I haven't looked in a while - there's probably a milwaukee version of those now, too, given that there are viable limbing and light duty battery powered chainsaws that must be in the neighborhood of a kilowatt of consumption.
 
dannyr":1k3h9842 said:
Maybe I'll be shooed away, but I'm going to ask about electric drills on the hand tool forum.
I do like my hand drills - the brace and the 'eggbeater' but if there's a pile of similar holes to drill, I go electric - second generation cordless are pretty good, but I like a corded drill if in the workshop and I've just realised that my early 1970s Black and Decker (UK diy type) is still going strong whereas later drills (various makes) have perished. I'm guessing the gears went plastic, cost cutting took over etc after that time - they certainly got very cheap by the 1990s.
So now I've bought another 1970s UK B&D - it's been knocked about/seen some action, but seems to be really good operationally.

Anyone else found this to be the case?

I recall a similar thought being raised on the forum some years ago, but can't find the thread, now. Someone explained it by saying the big manufacturers realised some time in the 1990s that many of the drills sold through the big DIY sheds in particular, were often bought as presents, tended to end up in household tool kits, and in this day and age, many householders didn't actually do much DIY. They reckoned many drills had less than five hours of real use over their lives.
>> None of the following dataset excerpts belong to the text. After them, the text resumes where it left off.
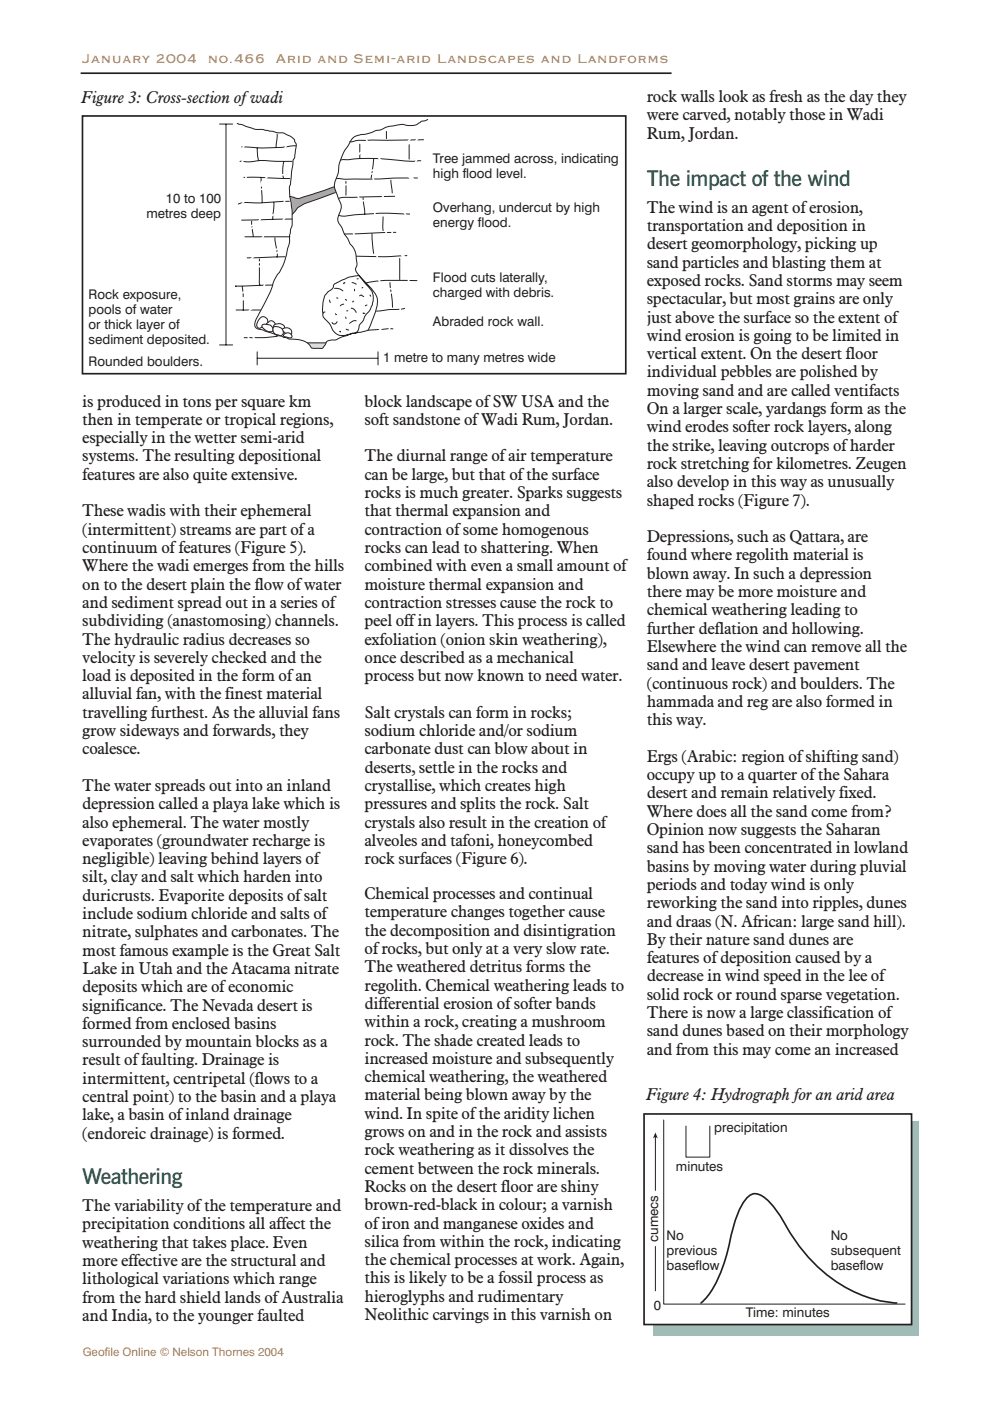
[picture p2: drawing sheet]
<svg xmlns="http://www.w3.org/2000/svg" width="210mm" height="297mm" viewBox="0 0 210 297" stroke-linecap="round" stroke-linejoin="round" font-family="sans-serif">
<defs><g id="words">
<g font-size="4.6" fill="#005542">
<text x="137.1" y="39.5">The impact of the wind</text>
<text x="17.5" y="251.1">Weathering</text>
</g>
<text font-size="3.5" fill="#e8811d" x="17.5" y="13.3">January 2004 no.466 Arid and Semi-arid Landscapes and Landforms</text>
<g font-size="3.5" fill="#231f20">
<text x="17.3" y="21.9">Figure 3: Cross-section of wadi</text>
<text x="137.1" y="21.6">rock walls look as fresh as the day they</text>
<text x="137.1" y="25.5">were carved, notably those in Wadi</text>
<text x="137.1" y="29.4">Rum, Jordan.</text>
<text x="137.1" y="45.1">The wind is an agent of erosion,</text>
<text x="137.1" y="49">transportation and deposition in</text>
<text x="137.1" y="52.9">desert geomorphology, picking up</text>
<text x="137.1" y="56.7">sand particles and blasting them at</text>
<text x="137.1" y="60.6">exposed rocks. Sand storms may seem</text>
<text x="137.1" y="64.5">spectacular, but most grains are only</text>
<text x="137.1" y="68.4">just above the surface so the extent of</text>
<text x="137.1" y="72.3">wind erosion is going to be limited in</text>
<text x="137.1" y="76.1">vertical extent. On the desert floor</text>
<text x="137.1" y="80">individual pebbles are polished by</text>
<text x="137.1" y="83.9">moving sand and are called ventifacts</text>
<text x="17.5" y="86.2">is produced in tons per square km</text>
<text x="77.3" y="86.2">block landscape of SW USA and the</text>
<text x="137.1" y="87.8">On a larger scale, yardangs form as the</text>
<text x="17.5" y="90.1">then in temperate or tropical regions,</text>
<text x="17.5" y="94">especially in the wetter semi-arid</text>
<text x="77.3" y="90.1">soft sandstone of Wadi Rum, Jordan.</text>
<text x="137.1" y="91.7">wind erodes softer rock layers, along</text>
<text x="137.1" y="95.5">the strike, leaving outcrops of harder</text>
<text x="17.5" y="97.8">systems. The resulting depositional</text>
<text x="17.5" y="101.7">features are also quite extensive.</text>
<text x="77.3" y="97.8">The diurnal range of air temperature</text>
<text x="77.3" y="101.7">can be large, but that of the surface</text>
<text x="137.1" y="99.4">rock stretching for kilometres. Zeugen</text>
<text x="77.3" y="105.6">rocks is much greater. Sparks suggests</text>
<text x="137.1" y="103.3">also develop in this way as unusually</text>
<text x="137.1" y="107.2">shaped rocks (Figure 7).</text>
<text x="17.5" y="109.5">These wadis with their ephemeral</text>
<text x="17.5" y="113.4">(intermittent) streams are part of a</text>
<text x="77.3" y="109.5">that thermal expansion and</text>
<text x="77.3" y="113.4">contraction of some homogenous</text>
<text x="17.5" y="117.2">continuum of features (Figure 5).</text>
<text x="77.3" y="117.2">rocks can lead to shattering. When</text>
<text x="137.1" y="114.9">Depressions, such as Qattara, are</text>
<text x="137.1" y="118.8">found where regolith material is</text>
<text x="17.5" y="121.1">Where the wadi emerges from the hills</text>
<text x="17.5" y="125">on to the desert plain the flow of water</text>
<text x="77.3" y="121.1">combined with even a small amount of</text>
<text x="77.3" y="125">moisture thermal expansion and</text>
<text x="137.1" y="122.7">blown away. In such a depression</text>
<text x="17.5" y="128.9">and sediment spread out in a series of</text>
<text x="77.3" y="128.9">contraction stresses cause the rock to</text>
<text x="137.1" y="126.6">there may be more moisture and</text>
<text x="137.1" y="130.5">chemical weathering leading to</text>
<text x="17.5" y="132.8">subdividing (anastomosing) channels.</text>
<text x="17.5" y="136.6">The hydraulic radius decreases so</text>
<text x="77.3" y="132.8">peel off in layers. This process is called</text>
<text x="77.3" y="136.6">exfoliation (onion skin weathering),</text>
<text x="137.1" y="134.4">further deflation and hollowing.</text>
<text x="17.5" y="140.5">velocity is severely checked and the</text>
<text x="77.3" y="140.5">once described as a mechanical</text>
<text x="137.1" y="138.2">Elsewhere the wind can remove all the</text>
<text x="137.1" y="142.1">sand and leave desert pavement</text>
<text x="17.5" y="144.4">load is deposited in the form of an</text>
<text x="17.5" y="148.3">alluvial fan, with the finest material</text>
<text x="77.3" y="144.4">process but now known to need water.</text>
<text x="137.1" y="146">(continuous rock) and boulders. The</text>
<text x="137.1" y="149.9">hammada and reg are also formed in</text>
<text x="17.5" y="152.2">travelling furthest. As the alluvial fans</text>
<text x="77.3" y="152.2">Salt crystals can form in rocks;</text>
<text x="137.1" y="153.8">this way.</text>
<text x="17.5" y="156.1">grow sideways and forwards, they</text>
<text x="17.5" y="159.9">coalesce.</text>
<text x="77.3" y="156.1">sodium chloride and/or sodium</text>
<text x="77.3" y="159.9">carbonate dust can blow about in</text>
<text x="137.1" y="161.5">Ergs (Arabic: region of shifting sand)</text>
<text x="17.5" y="167.7">The water spreads out into an inland</text>
<text x="77.3" y="163.8">deserts, settle in the rocks and</text>
<text x="77.3" y="167.7">crystallise, which creates high</text>
<text x="137.1" y="165.4">occupy up to a quarter of the Sahara</text>
<text x="17.5" y="171.6">depression called a playa lake which is</text>
<text x="77.3" y="171.6">pressures and splits the rock. Salt</text>
<text x="137.1" y="169.3">desert and remain relatively fixed.</text>
<text x="137.1" y="173.2">Where does all the sand come from?</text>
<text x="17.5" y="175.5">also ephemeral. The water mostly</text>
<text x="17.5" y="179.3">evaporates (groundwater recharge is</text>
<text x="77.3" y="175.5">crystals also result in the creation of</text>
<text x="77.3" y="179.3">alveoles and tafoni, honeycombed</text>
<text x="137.1" y="177">Opinion now suggests the Saharan</text>
<text x="17.5" y="183.2">negligible) leaving behind layers of</text>
<text x="77.3" y="183.2">rock surfaces (Figure 6).</text>
<text x="137.1" y="180.9">sand has been concentrated in lowland</text>
<text x="137.1" y="184.8">basins by moving water during pluvial</text>
<text x="17.5" y="187.1">silt, clay and salt which harden into</text>
<text x="17.5" y="191">duricrusts. Evaporite deposits of salt</text>
<text x="77.3" y="190.6">Chemical processes and continual</text>
<text x="137.1" y="188.7">periods and today wind is only</text>
<text x="17.5" y="194.9">include sodium chloride and salts of</text>
<text x="77.3" y="194.5">temperature changes together cause</text>
<text x="137.1" y="192.6">reworking the sand into ripples, dunes</text>
<text x="137.1" y="196.4">and draas (N. African: large sand hill).</text>
<text x="17.5" y="198.7">nitrate, sulphates and carbonates. The</text>
<text x="17.5" y="202.6">most famous example is the Great Salt</text>
<text x="77.3" y="198.4">the decomposition and disintigration</text>
<text x="77.3" y="202.3">of rocks, but only at a very slow rate.</text>
<text x="137.1" y="200.3">By their nature sand dunes are</text>
<text x="17.5" y="206.5">Lake in Utah and the Atacama nitrate</text>
<text x="77.3" y="206.1">The weathered detritus forms the</text>
<text x="137.1" y="204.2">features of deposition caused by a</text>
<text x="137.1" y="208.1">decrease in wind speed in the lee of</text>
<text x="17.5" y="210.4">deposits which are of economic</text>
<text x="17.5" y="214.3">significance. The Nevada desert is</text>
<text x="77.3" y="210">regolith. Chemical weathering leads to</text>
<text x="77.3" y="213.9">differential erosion of softer bands</text>
<text x="137.1" y="212">solid rock or round sparse vegetation.</text>
<text x="137.1" y="215.8">There is now a large classification of</text>
<text x="17.5" y="218.1">formed from enclosed basins</text>
<text x="77.3" y="217.8">within a rock, creating a mushroom</text>
<text x="77.3" y="221.7">rock. The shade created leads to</text>
<text x="137.1" y="219.7">sand dunes based on their morphology</text>
<text x="17.5" y="222">surrounded by mountain blocks as a</text>
<text x="17.5" y="225.9">result of faulting. Drainage is</text>
<text x="77.3" y="225.5">increased moisture and subsequently</text>
<text x="137.1" y="223.6">and from this may come an increased</text>
<text x="17.5" y="229.8">intermittent, centripetal (flows to a</text>
<text x="17.5" y="233.7">central point) to the basin and a playa</text>
<text x="77.3" y="229.4">chemical weathering, the weathered</text>
<text x="77.3" y="233.3">material being blown away by the</text>
<text x="137.1" y="233.3">Figure 4: Hydrograph for an arid area</text>
<text x="17.5" y="237.5">lake, a basin of inland drainage</text>
<text x="77.3" y="237.2">wind. In spite of the aridity lichen</text>
<text x="17.5" y="241.4">(endoreic drainage) is formed.</text>
<text x="77.3" y="241.1">grows on and in the rock and assists</text>
<text x="77.3" y="245">rock weathering as it dissolves the</text>
<text x="77.3" y="248.8">cement between the rock minerals.</text>
<text x="17.5" y="256.8">The variability of the temperature and</text>
<text x="77.3" y="252.7">Rocks on the desert floor are shiny</text>
<text x="77.3" y="256.6">brown-red-black in colour; a varnish</text>
<text x="17.5" y="260.6">precipitation conditions all affect the</text>
<text x="77.3" y="260.5">of iron and manganese oxides and</text>
<text x="17.5" y="264.5">weathering that takes place. Even</text>
<text x="17.5" y="268.4">more effective are the structural and</text>
<text x="77.3" y="264.4">silica from within the rock, indicating</text>
<text x="77.3" y="268.2">the chemical processes at work. Again,</text>
<text x="17.5" y="272.3">lithological variations which range</text>
<text x="77.3" y="272.1">this is likely to be a fossil process as</text>
<text x="77.3" y="276">hieroglyphs and rudimentary</text>
<text x="17.5" y="276.2">from the hard shield lands of Australia</text>
<text x="17.5" y="280">and India, to the younger faulted</text>
<text x="77.3" y="279.9">Neolithic carvings in this varnish on</text>
</g>
<g font-size="2.8" fill="#231f20">
<text x="91.8" y="34.6">Tree jammed across, indicating</text>
<text x="91.8" y="37.7">high flood level.</text>
<text x="31" y="46.1">metres deep</text>
<text x="35.2" y="43">10 to 100</text>
<text x="91.8" y="45">Overhang, undercut by high</text>
<text x="91.8" y="48.2">energy flood.</text>
<text x="91.8" y="59.8">Flood cuts laterally,</text>
<text x="18.8" y="63.5">Rock exposure,</text>
<text x="91.8" y="63">charged with debris.</text>
<text x="18.8" y="66.7">pools of water</text>
<text x="18.8" y="69.8">or thick layer of</text>
<text x="91.8" y="69">Abraded rock wall.</text>
<text x="18.8" y="73">sediment deposited.</text>
<text x="18.8" y="77.7">Rounded boulders.</text>
<text x="81.2" y="76.8">1 metre to many metres wide</text>
<text x="151.4" y="240">precipitation</text>
<text x="143.3" y="248.3">minutes</text>
<text x="139.6" y="263.3" transform="rotate(-90 139.6 263.3)">cumecs</text>
<text x="141.3" y="262.9">No</text>
<text x="176.1" y="262.9">No</text>
<text x="141.3" y="266">previous</text>
<text x="141.3" y="269.2">baseflow</text>
<text x="176.1" y="266">subsequent</text>
<text x="176.1" y="269.2">baseflow</text>
<text x="138.6" y="277.7">0</text>
<text x="158.1" y="279.3">Time: minutes</text>
</g>
<text font-size="2.5" fill="#e8811d" x="17.5" y="287.5">Geofile Online © Nelson Thornes 2004</text>
</g></defs>
<path d="M17.1 15.5h125.3" fill="none" stroke="#231f20" stroke-width=".35"/>
<g fill="#fff">
<path d="M17.2 285.4h175.9v6h-175.9z" fill-rule="evenodd"/>
<path d="M17 19h116.2v4.2h-116.2z" fill-rule="evenodd"/>
<path d="M17.5 24.6h115.2v54.6h-115.2z" fill-rule="evenodd"/>
</g>
<path d="M46.5 26.3h2.8M47.9 26.3v46.8M46.5 73.1h2.8M54.5 76h25.6M54.5 74.6v2.8M80.1 74.6v2.8" fill="none" stroke="#231f20" stroke-width=".21"/>
<path d="M65.2 72.7h3.9l-.1 .4a1.21 1.21 0 0 1-1.6 .7 1.54 1.54 0 0 1-2-.9z" fill="#dcdddf"/>
<path d="M61.5 41.6a3.3 3.3 0 0 0 3.2 .1l6.3-2.1 .4 1.3-4.9 1.6a6.6 6.6 0 0 0-4.2 2.7l-.3 .3z" fill="#a8a9ad"/>
<path d="M90.7 25.3l-.7 .3-.7 .1-.2 .3a3.6 3.6 0 0 1-3.7 .4h-.4a14.6 14.6 0 0 0-4.6 1.2l-.7 .1-2 .7-1.4 .2a2.8 2.8 0 0 0-2.4 2.2 10.5 10.5 0 0 0-2.2 6l-.4 1a4.4 4.4 0 0 0 .3 3.9 4.1 4.1 0 0 1 .6 2.9l-.4 1a2.07 2.07 0 0 0 .6 2.5l.6 1.6 .7 .9 .3 .7a6.1 6.1 0 0 1 1.5 2.8l.2 2.1-.3 .7a4.4 4.4 0 0 0 1.8 2.7l2 2.1a3.6 3.6 0 0 1 .6 3.8l-1.5 3.9a1.33 1.33 0 0 1-1.3 .9l-2.2 .4-2.7 .9a2.32 2.32 0 0 1-1.9 .5l-.9 .3-.3 .7a1.21 1.21 0 0 1-1.6 .7 1.58 1.58 0 0 1-2-.9 6.4 6.4 0 0 0-4.1-1l-1.6-.6-.9-.1-3.3-1.3a1.27 1.27 0 0 1-1.3-.5 1.27 1.27 0 0 1 0-1.5l.8-1.5a42.5 42.5 0 0 0 3.4-7.5 13.1 13.1 0 0 0 2.7-6.5l.3-.9v-1.7l.2-.5a15.8 15.8 0 0 0 .1-6.3 8.1 8.1 0 0 1-.1-4.5l.5-3.5a2.38 2.38 0 0 1 .4-1.7l.1-1.4a1.88 1.88 0 0 0-.1-2 1.97 1.97 0 0 0-1.6-1.3 5.3 5.3 0 0 0-2.5-.6l-2.5-.5a11.3 11.3 0 0 1-4.7-1.1l-.9-.2M65.2 72.7h3.9M70.9 60.2l1.8-.9a7.2 7.2 0 0 1 3.4-.8l1.4 1.7a4.1 4.1 0 0 1 .6 6l-.8 1a2.96 2.96 0 0 1-1.1 1.7 1.58 1.58 0 0 1-1.4 1.8l-.3 .1a3.4 3.4 0 0 1-3.5-.3l-.4-.5a6.5 6.5 0 0 0-2-2.7 8.1 8.1 0 0 1 .4-4.8l.9-.8a1.54 1.54 0 0 0 .9-1.4z" fill="none" stroke="#231f20" stroke-width=".21"/>
<g fill="#fff" stroke="#231f20" stroke-width=".21">
<path d="M55.1 67.5a.94 .94 0 0 1 1.6 .1 .94 .94 0 0 1-.7 1.4l-.4 .3a.7 .7 0 0 1-1 .1 .7 .7 0 0 1 0-1z"/>
<path d="M56.6 68.5a1 1 0 0 1 1-.4 1 1 0 0 1 .8 .7 .8 .8 0 0 1-1 .9 .71 .71 0 0 1-.9-.3 .71 .71 0 0 1 .1-.9z"/>
<path d="M58.1 69l.3-.3a1.63 1.63 0 0 1 1.9 .5 .66 .66 0 0 1-.2 .9 .66 .66 0 0 1-.9-.2l-1.1-.6z"/>
<path d="M59.9 69.8a1.12 1.12 0 0 1 1.4-.2 1.12 1.12 0 0 1 .4 1.3 .93 .93 0 0 1-1.4-.4 .64 .64 0 0 1-.4-.7z"/>
<path d="M55.6 68.9a1.6 1.6 0 0 1 2.3 1 .81 .81 0 0 1-1.3 .3l-.4-.3a.8 .8 0 0 1-.6-1z"/>
<path d="M58 69.3a1.46 1.46 0 0 1 2.1 1.3 .82 .82 0 0 1-1.3 .4 1.07 1.07 0 0 1-.8-1.7z"/>
<path d="M60.4 70.8a.86 .86 0 0 1 1-.2 .86 .86 0 0 1 .4 1h-.5l-1-.2-.2-.2z"/>
<path d="M61.4 41.6l9.4-2-6.4 2.1a2.43 2.43 0 0 1-2.5 .1z"/>
<path d="M63.2 44l1.4-.8 6.5-2.3-9.2 4.5z"/>
</g>
<g fill="none" stroke="#231f20" stroke-width=".21">
<path d="M50.9 34.2h.7a9 9 0 0 0 3.5-.2l6.8 .2M51.7 37.6h2.8l7 .3M54.5 31.4l.1 1.8 .3 .9M55.4 37.7l.2 5.2M58.8 28.4l-.3 2.9M60.2 34.3l-.3 1.8 .3 1.8M62.8 30.9a55.6 55.6 0 0 1-11.6 .3M72.2 34l1-.2a56.9 56.9 0 0 1 13.7 .4l2.3-.1M73.3 38.4v3M76.3 30.6v2.9M79.2 33.7l-.5 4M81.9 27.9v1.5"/>
<path d="M82.9 38.2l.3 2.7M86.7 30.7v3M88.5 37.7l-9.5 .3h-5.9l-1.8-.1M89.8 29.6l-12 .1a8 8 0 0 0-3.3 .4l-.3-.1M51.9 50.2h9.6M53.4 46.9l.3 3.2M55 54.9v4.8l.1 .7M58.1 42.9l-.3 3.5M58.3 50.4l.5 3-.1 1.1M60.4 54.4l-8 .3M61.3 42.7l-3.1 .1a26.4 26.4 0 0 1-5.8 .1l-1.3 .2-.6 .2M61.9 46.4l-10.7 .3"/>
<path d="M73.1 59.9l-.2 .2 .1 .1M74.6 59.9l.9 .4M75.7 59.1h.3M77 42l.3 3.4M78.9 49.6l.3 4.1M81.2 46v2.9M82.7 59.9l.5 5.2M83.7 41.6l-10.5 .2-1.4 .3M83.9 49.3l-10.9 .3M84.8 54.8v4.5M86.3 54.2l-5 .2-5.7-.1M86.9 45.4a74.2 74.2 0 0 0-14 .4l-1.1-.2"/>
<path d="M88.4 59.5h-1.1a41.8 41.8 0 0 0-9.6 .5M50.1 65.7h5.1M51.4 60.8l.2 2.1v2.9M57.8 60.4l-7.9 .3h.2M58.8 71.3l-2.7 .3h-4.3M68.9 66.2l-.3 .1v.1M69.9 63.6l.2 .5M70.9 61.1l1.2 .2 .6 .4M71.1 66.5l.3 .2M71.4 63.2l.2 .1M71.5 68.2a.56 .56 0 0 1-.5 .5 .56 .56 0 0 1-.6-.3M72.2 70.3l-.2-.1 .2 .2"/>
<path d="M72.9 64.5l-.7 .3M73.2 63.5l.3 .2M73.3 67.2l.1 .3M73.4 69.8l.5 .2M73.5 65.9h.3M74.5 65.4a1.13 1.13 0 0 1 1 .9M75 63.9l-.2 .2M75.2 61.3v.4M75.5 68a1.62 1.62 0 0 0-1.4 .5M76.2 62.7l.4-.2 .5 .4M76.9 61l-.1 .1M77 66.4h.4"/>
<path d="M77.8 64.7l-.3 .1M78.4 62.6l.2 .2M83.3 69.7l-5.3 .3M85.8 65.4l-1 .2h-2.1l-2.9 .4"/>
</g>
<g fill="none" stroke="#fff" stroke-width=".35">
<path d="M51.6 33.9l-.4 .6M51.8 30.9l-.4 .6 .1 .1M52.2 37.4l-.2 .5 .1 .3M55.6 38.5l-.4 .8v.1M55.7 39.4h-.6M56.6 37.5l-.3 .4M60.3 37.1h-1l.2 .1M60.7 30.8l-.4 .8M73.6 39.1l-.7 .3M76.5 32.3l-.8 .7M77.6 29.5l.3 .6M79 36.8l-.7 .1h.1"/>
<path d="M79 37.5l.4 1M79.2 36l-.7 .3M80 33.1l1 1.2M86.5 37.2l1 1.4M86.7 37.2l.8 .8M87 37.2l1.1 1.5M87.1 29.3l-.6 .7M88.6 33.5l-.6 1.2-.2 .8M88.9 29.1l-.5 .5-.6 .9M51.9 42.5l-1 1.4M53.6 47.7l-.7 .2M53.6 48.4l-.3 .1"/>
<path d="M53.8 54.3l-.5 .6-.4 .7M54.8 56.4l.4 .2M55.1 40.1h.7M55.2 46.4l-.3 .5M55.4 55.5l-.7 .3M55.9 50.1l-.4 .5M58.1 45.4l-.7 .4M59 52.8l-.7 .2M59.1 53.4l-.8 .4M60.4 42.4l-.3 .9M60.4 46.1l-.6 1.1M74.9 49.3l.4 .8"/>
<path d="M75.9 41.6l.3 .8M77.3 42.5l-.9 .4 .2 .1M79.4 44.8l.4 1.4M79.9 54.3l.2 .6M80.3 59.3l.6 .9M80.8 41.2l.5 .7 .3 .8M81.8 49.1l.2 .6M83 49.1l.3 .7M85 53.9l.6 .7M85.1 53.5l.8 1.4M85.5 44.9l.5 .6 .4 1.1M86.5 59.3l.4 .8"/>
<path d="M52.1 63l-.7 .2M52.1 63.3l-.8 .4M52.3 70.7l.5 1.2 .5 .6M52.7 61.8l-.8 .1-.7 .3M53.3 71.2l1.2 1.2 .4 .2M53.4 65.5v-.2l-.7 1M56.2 60.1l-.3 1M81 69.4l-1.4 1.4-.2 .4M82.9 68.9l-.6 1.7M83.2 61.1l-.9 .3M83.5 61.9l-1.2 .5M84.9 65.3l-.3 1.1"/>
</g>
<path d="M17.5 24.6h115.2v54.6h-115.2z" fill="none" stroke="#231f20" stroke-width=".35"/>
<g fill="#fff">
<path d="M17 80.7h115.5v2.7h-115.5z" fill-rule="evenodd"/>
<path d="M136.7 226.5h56.4v8.4h-56.4z" fill-rule="evenodd"/>
</g>
<path d="M138.5 237.8h56.4v45.4h-56.4z" fill-rule="evenodd" fill="#9bbcb5"/>
<path d="M136.6 236.2h56.7v44.6h-56.7z" fill-rule="evenodd" fill="#fff"/>
<path d="M140.7 237.5v39h51.2M145.4 238.7v6.6h5.1v-6.6M139 241v11.4" fill="none" stroke="#231f20" stroke-width=".21"/>
<path d="M148.6 276.3a18.9 18.9 0 0 0 5-8.9l.7-2.1a38.7 38.7 0 0 1 3.2-10.1 3.5 3.5 0 0 1 2.3-2.1 4.7 4.7 0 0 1 3.5 1.9l1.5 1.9 1.2 1.8a32.5 32.5 0 0 0 18.9 16.6l2.4 .6 2.8 .4" fill="none" stroke="#231f20" stroke-width=".35"/>
<path d="M139 240.1l.5 1.2-.5-.3-.5 .3z" fill="#231f20"/>
<path d="M139 264.3v9.4" fill="none" stroke="#231f20" stroke-width=".21"/>
<path d="M136.6 236.2h56.7v44.6h-56.7z" fill="none" stroke="#231f20" stroke-width=".35"/>
<use href="#words"/>
</svg>

Consequently, they felt they could increase their market share a percentage point or two (bearing in mind this market is very competitive) by making a range of drills with a design life of ten hours use or less, having cheaper components, and thus dropping the price drastically. (They usually also made a trade and industrial range of better engineered tools, but obviously they are priced accordingly.)

Never having seen this confirmed by someone with actual direct knowledge of whether it's right or not, it may be wise to regard this as possibly conjecture, but it does sound plausible.

Thus, the tools from the '60s, '70s and '80s were actually well-made, quite often, and as long as they aren't heavily abused, last accordingly. (I don't use it, but I still have my Dad's 3/8" chuck Bridges electric drill (Mark IV Neonic, no less!) dating from either the late '50s or early '60s, and it worked last time it was roused from it's slumber.) From the '90s onwards, you got what you payed for.

Just another example of life in the age of Disposable Everything, I suppose.
 
One other point:- I don't have a pillar drill as such, but do have a vertical stand with base to use the drill in - in fact I now have 2 - one really solid cast iron and steel one by Record which only holds a drill by the standard collar behind the chuck - everything's well-built about this, but it only fits this collar ie my old cheapo no-longer-working drills (I also tried a supposedly pro Bosch on this but it burnt out quite quickly).

Unfortunately the older B&Ds I favour have their own fitting (in some ways better as they hold back and front of the drill body) - so now I have a second drill stand - reasonably made in UK by B&D, but light alloy and not quite so solid. I think the good old Record will have to go - lack of space.

This also allows me to use a non-hammer drill as my pillar drill - I hear and think I can see that hammer drills are less good for precision work as they necessarily have some built-in free play.
 
Found a 80s Fein drill at a thrift store, very nice unit (came from my employer actually, still had the calibration sticker we use on it).
Supremely accurate, but only takes drills up to 6mm, and has an on off switch, no softstart or variable rpm.
But for 15 euros, very nice, and more accurate than more recent units.